About this exercise =
Hand back the entries exactly as written, minus every picture.
** Opening Provided entries block **
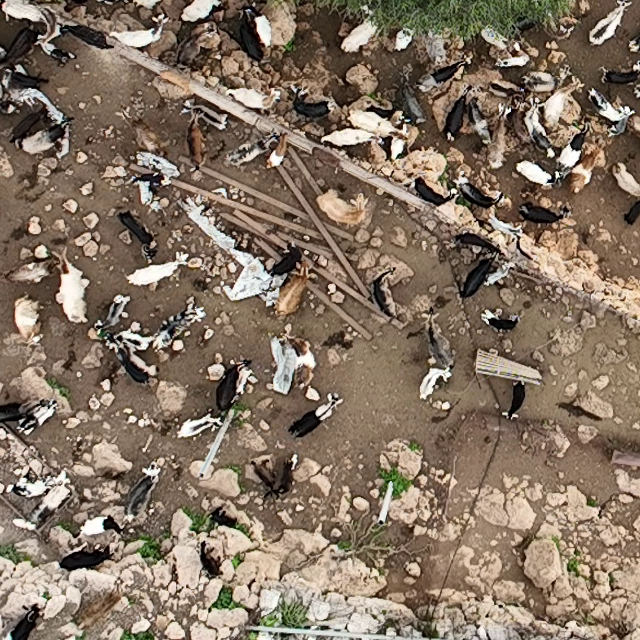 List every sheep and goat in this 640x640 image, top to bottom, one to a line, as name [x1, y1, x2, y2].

goat [62, 0, 90, 4]
goat [95, 0, 138, 6]
goat [135, 0, 175, 9]
goat [180, 0, 222, 23]
goat [586, 0, 632, 47]
goat [0, 1, 40, 22]
goat [246, 4, 270, 45]
goat [36, 6, 63, 44]
goat [237, 6, 265, 60]
goat [629, 9, 639, 50]
goat [540, 10, 575, 41]
goat [340, 11, 381, 52]
goat [110, 14, 169, 48]
goat [510, 16, 538, 33]
goat [59, 25, 114, 50]
goat [394, 25, 416, 51]
goat [174, 26, 219, 68]
goat [0, 27, 38, 73]
goat [480, 27, 521, 52]
goat [0, 31, 4, 57]
goat [39, 42, 75, 65]
goat [494, 54, 528, 68]
goat [632, 58, 639, 99]
goat [415, 61, 467, 93]
goat [600, 61, 639, 86]
goat [522, 64, 571, 91]
goat [161, 69, 190, 91]
goat [398, 69, 428, 124]
goat [10, 71, 49, 90]
goat [544, 75, 585, 128]
goat [487, 80, 525, 100]
goat [226, 85, 282, 111]
goat [290, 85, 337, 115]
goat [442, 85, 471, 146]
goat [587, 86, 637, 121]
goat [0, 94, 5, 111]
goat [469, 94, 492, 143]
goat [526, 97, 556, 157]
goat [512, 98, 532, 144]
goat [180, 99, 227, 131]
goat [119, 104, 160, 155]
goat [487, 104, 510, 170]
goat [8, 106, 48, 146]
goat [366, 106, 397, 120]
goat [606, 106, 630, 137]
goat [187, 109, 209, 170]
goat [347, 110, 409, 146]
goat [626, 115, 639, 142]
goat [17, 118, 75, 156]
goat [558, 118, 592, 167]
goat [389, 119, 411, 160]
goat [320, 129, 384, 147]
goat [224, 131, 280, 167]
goat [265, 132, 287, 169]
goat [565, 144, 604, 195]
goat [515, 159, 561, 185]
goat [611, 162, 639, 196]
goat [458, 171, 504, 210]
goat [137, 172, 165, 206]
goat [415, 177, 457, 206]
goat [315, 189, 369, 226]
goat [625, 193, 639, 226]
goat [518, 201, 570, 225]
goat [118, 212, 158, 250]
goat [488, 212, 524, 238]
goat [454, 231, 501, 253]
goat [270, 241, 302, 279]
goat [50, 245, 89, 323]
goat [459, 251, 500, 297]
goat [125, 252, 188, 285]
goat [6, 257, 58, 285]
goat [275, 258, 310, 315]
goat [484, 261, 516, 287]
goat [370, 264, 398, 319]
goat [14, 294, 45, 346]
goat [94, 295, 130, 334]
goat [152, 295, 196, 352]
goat [423, 306, 454, 368]
goat [481, 311, 521, 329]
goat [273, 332, 296, 395]
goat [280, 332, 317, 370]
goat [103, 333, 151, 352]
goat [106, 336, 158, 385]
goat [216, 359, 253, 412]
goat [418, 366, 452, 401]
goat [501, 381, 524, 421]
goat [288, 391, 344, 439]
goat [0, 400, 48, 423]
goat [16, 402, 57, 436]
goat [177, 413, 223, 440]
goat [252, 459, 280, 499]
goat [277, 459, 293, 501]
goat [122, 461, 160, 525]
goat [14, 470, 70, 529]
goat [11, 477, 50, 497]
goat [208, 507, 237, 528]
goat [80, 515, 124, 536]
goat [198, 541, 223, 576]
goat [59, 545, 114, 571]
goat [71, 579, 123, 630]
goat [9, 603, 40, 639]
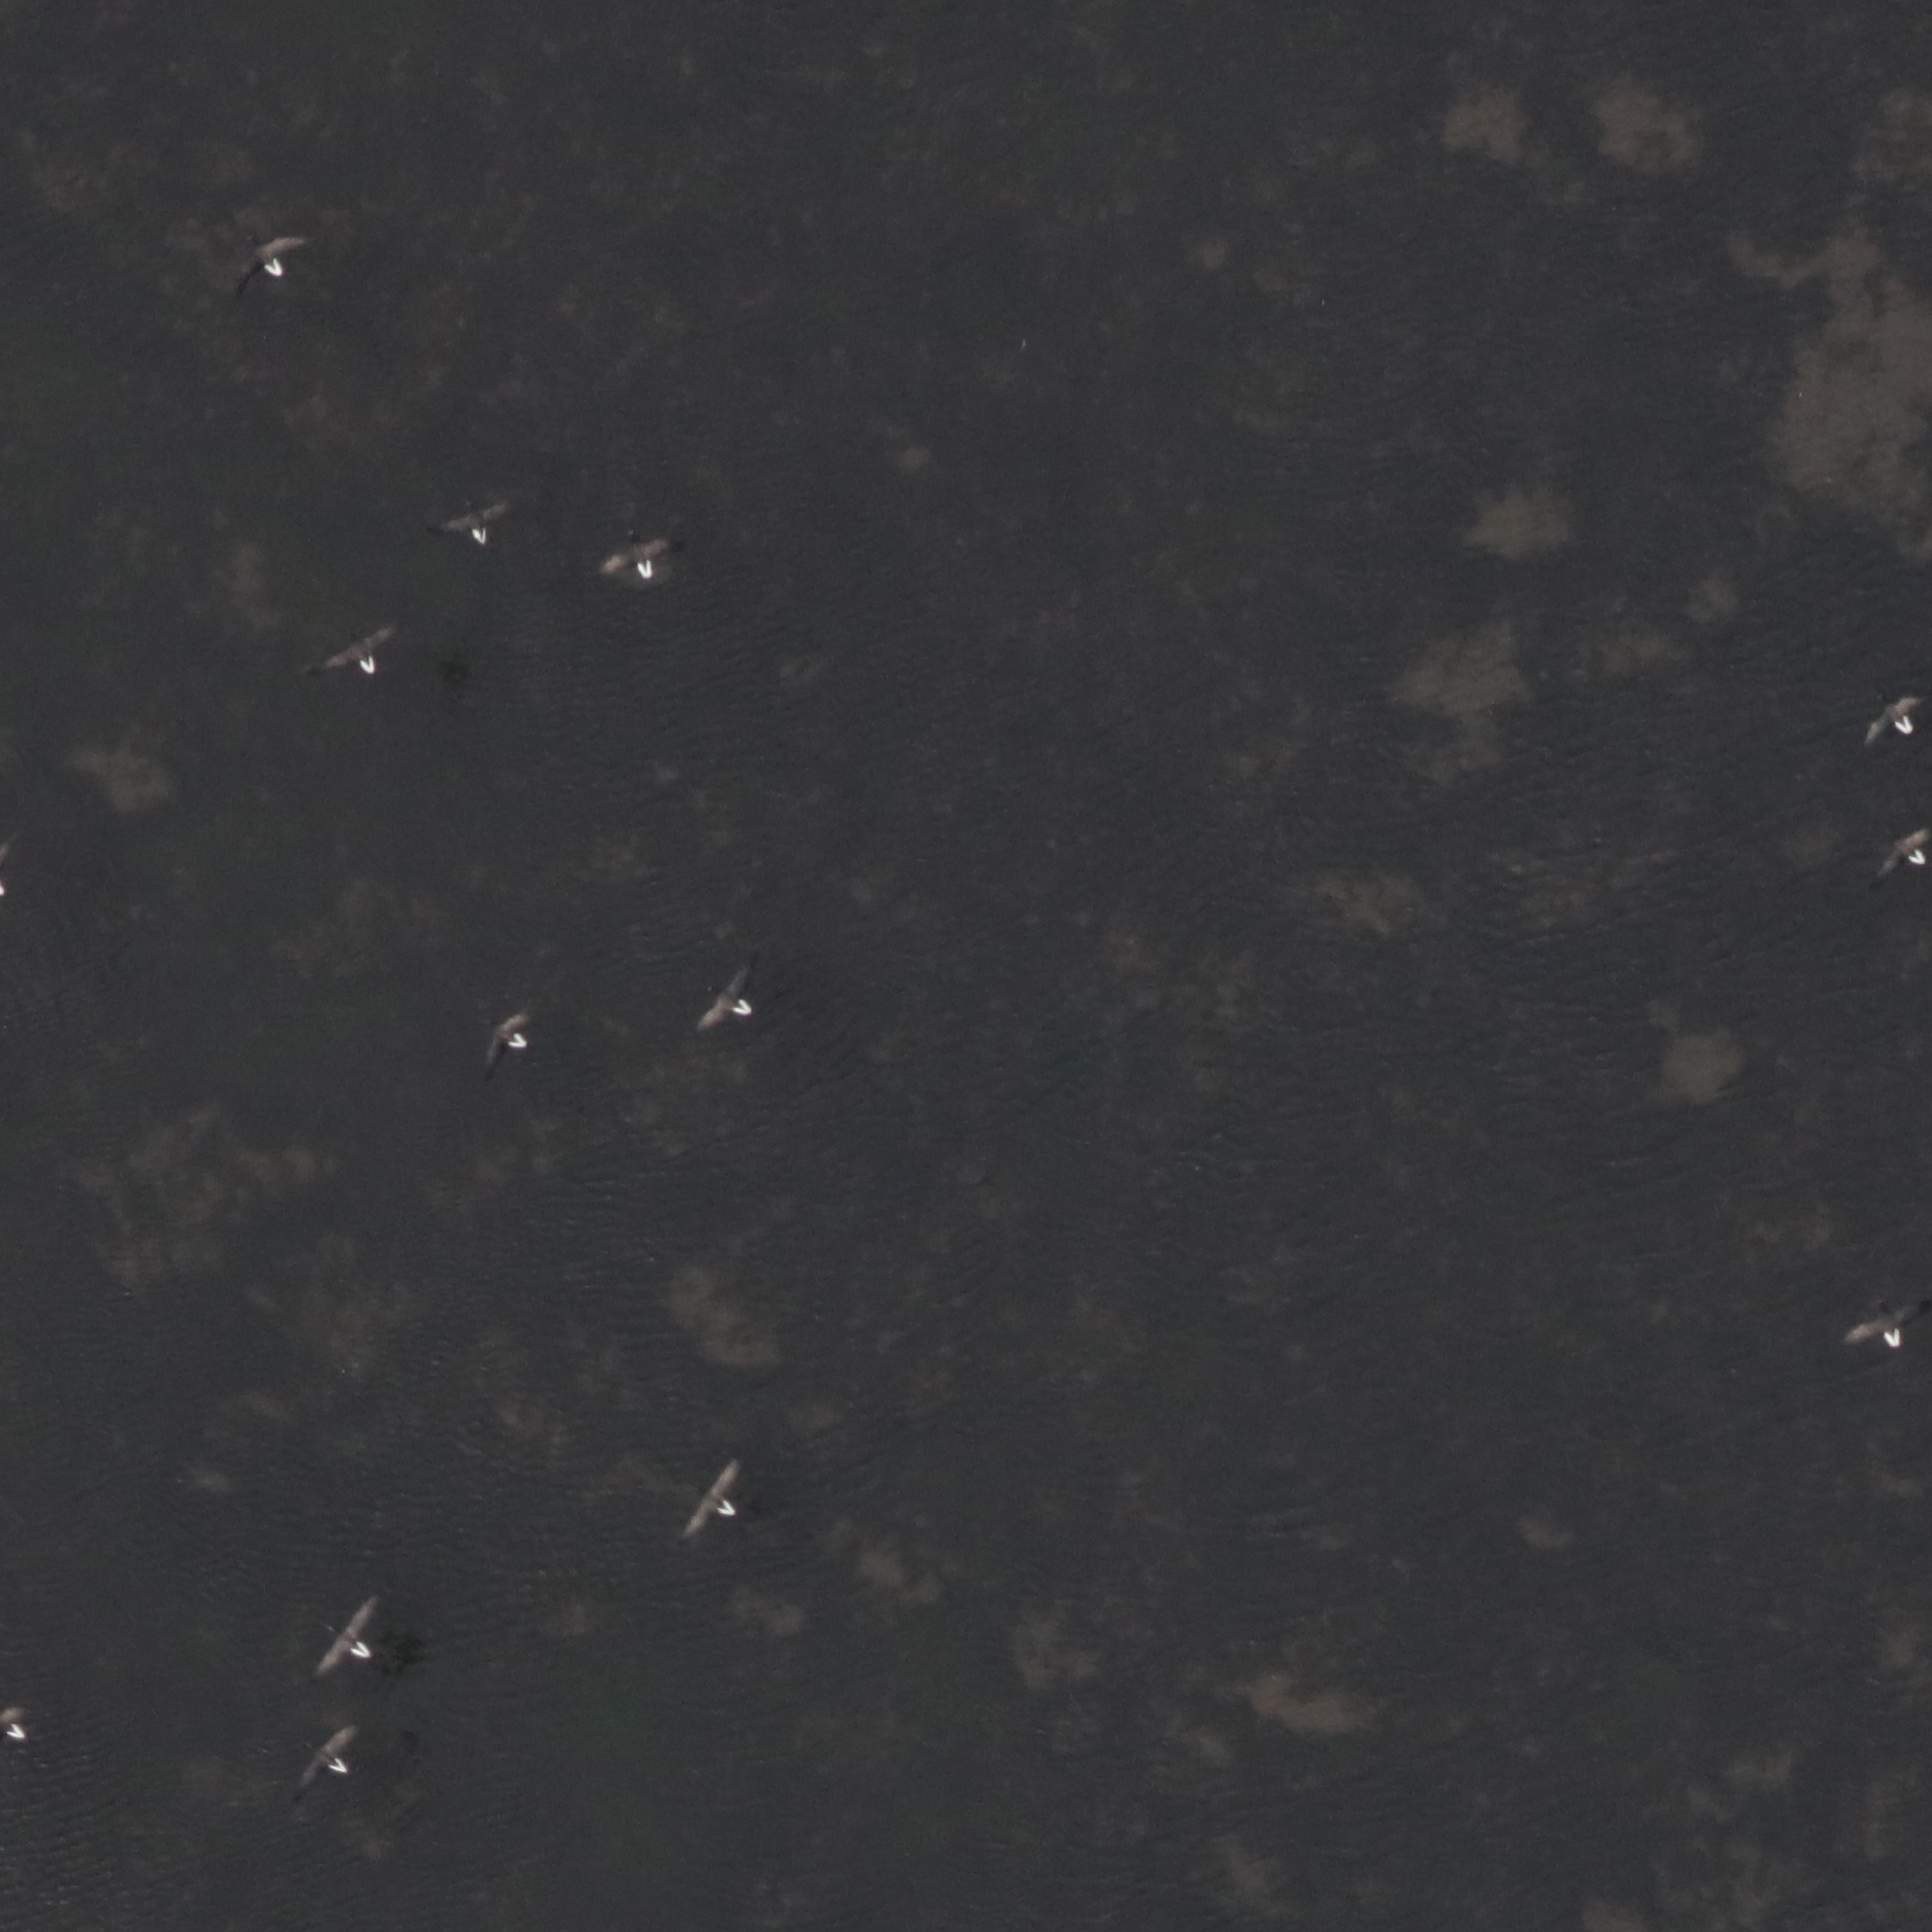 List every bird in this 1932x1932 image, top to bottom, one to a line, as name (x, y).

brant (263, 256)
brant (473, 524)
brant (644, 557)
brant (364, 649)
brant (1896, 712)
brant (1905, 846)
brant (726, 998)
brant (506, 1034)
brant (1891, 1321)
brant (714, 1496)
brant (347, 1639)
brant (4, 1728)
brant (323, 1754)
** Closing Provided entries block **
Output of the task =
 List every sheep and goat in this 640x640 image, top to bottom, one to a line, as name [x1, y1, x2, y2].

goat [62, 0, 90, 4]
goat [95, 0, 138, 6]
goat [135, 0, 175, 9]
goat [180, 0, 222, 23]
goat [586, 0, 632, 47]
goat [0, 1, 40, 22]
goat [246, 4, 270, 45]
goat [36, 6, 63, 44]
goat [237, 6, 265, 60]
goat [629, 9, 639, 50]
goat [540, 10, 575, 41]
goat [340, 11, 381, 52]
goat [110, 14, 169, 48]
goat [510, 16, 538, 33]
goat [59, 25, 114, 50]
goat [394, 25, 416, 51]
goat [174, 26, 219, 68]
goat [0, 27, 38, 73]
goat [480, 27, 521, 52]
goat [0, 31, 4, 57]
goat [39, 42, 75, 65]
goat [494, 54, 528, 68]
goat [632, 58, 639, 99]
goat [415, 61, 467, 93]
goat [600, 61, 639, 86]
goat [522, 64, 571, 91]
goat [161, 69, 190, 91]
goat [398, 69, 428, 124]
goat [10, 71, 49, 90]
goat [544, 75, 585, 128]
goat [487, 80, 525, 100]
goat [226, 85, 282, 111]
goat [290, 85, 337, 115]
goat [442, 85, 471, 146]
goat [587, 86, 637, 121]
goat [0, 94, 5, 111]
goat [469, 94, 492, 143]
goat [526, 97, 556, 157]
goat [512, 98, 532, 144]
goat [180, 99, 227, 131]
goat [119, 104, 160, 155]
goat [487, 104, 510, 170]
goat [8, 106, 48, 146]
goat [366, 106, 397, 120]
goat [606, 106, 630, 137]
goat [187, 109, 209, 170]
goat [347, 110, 409, 146]
goat [626, 115, 639, 142]
goat [17, 118, 75, 156]
goat [558, 118, 592, 167]
goat [389, 119, 411, 160]
goat [320, 129, 384, 147]
goat [224, 131, 280, 167]
goat [265, 132, 287, 169]
goat [565, 144, 604, 195]
goat [515, 159, 561, 185]
goat [611, 162, 639, 196]
goat [458, 171, 504, 210]
goat [137, 172, 165, 206]
goat [415, 177, 457, 206]
goat [315, 189, 369, 226]
goat [625, 193, 639, 226]
goat [518, 201, 570, 225]
goat [118, 212, 158, 250]
goat [488, 212, 524, 238]
goat [454, 231, 501, 253]
goat [270, 241, 302, 279]
goat [50, 245, 89, 323]
goat [459, 251, 500, 297]
goat [125, 252, 188, 285]
goat [6, 257, 58, 285]
goat [275, 258, 310, 315]
goat [484, 261, 516, 287]
goat [370, 264, 398, 319]
goat [14, 294, 45, 346]
goat [94, 295, 130, 334]
goat [152, 295, 196, 352]
goat [423, 306, 454, 368]
goat [481, 311, 521, 329]
goat [273, 332, 296, 395]
goat [280, 332, 317, 370]
goat [103, 333, 151, 352]
goat [106, 336, 158, 385]
goat [216, 359, 253, 412]
goat [418, 366, 452, 401]
goat [501, 381, 524, 421]
goat [288, 391, 344, 439]
goat [0, 400, 48, 423]
goat [16, 402, 57, 436]
goat [177, 413, 223, 440]
goat [252, 459, 280, 499]
goat [277, 459, 293, 501]
goat [122, 461, 160, 525]
goat [14, 470, 70, 529]
goat [11, 477, 50, 497]
goat [208, 507, 237, 528]
goat [80, 515, 124, 536]
goat [198, 541, 223, 576]
goat [59, 545, 114, 571]
goat [71, 579, 123, 630]
goat [9, 603, 40, 639]
 List every bird in this 1932x1932 image, top to bottom, one to a line, as name (x, y).

brant (263, 256)
brant (473, 524)
brant (644, 557)
brant (364, 649)
brant (1896, 712)
brant (1905, 846)
brant (726, 998)
brant (506, 1034)
brant (1891, 1321)
brant (714, 1496)
brant (347, 1639)
brant (4, 1728)
brant (323, 1754)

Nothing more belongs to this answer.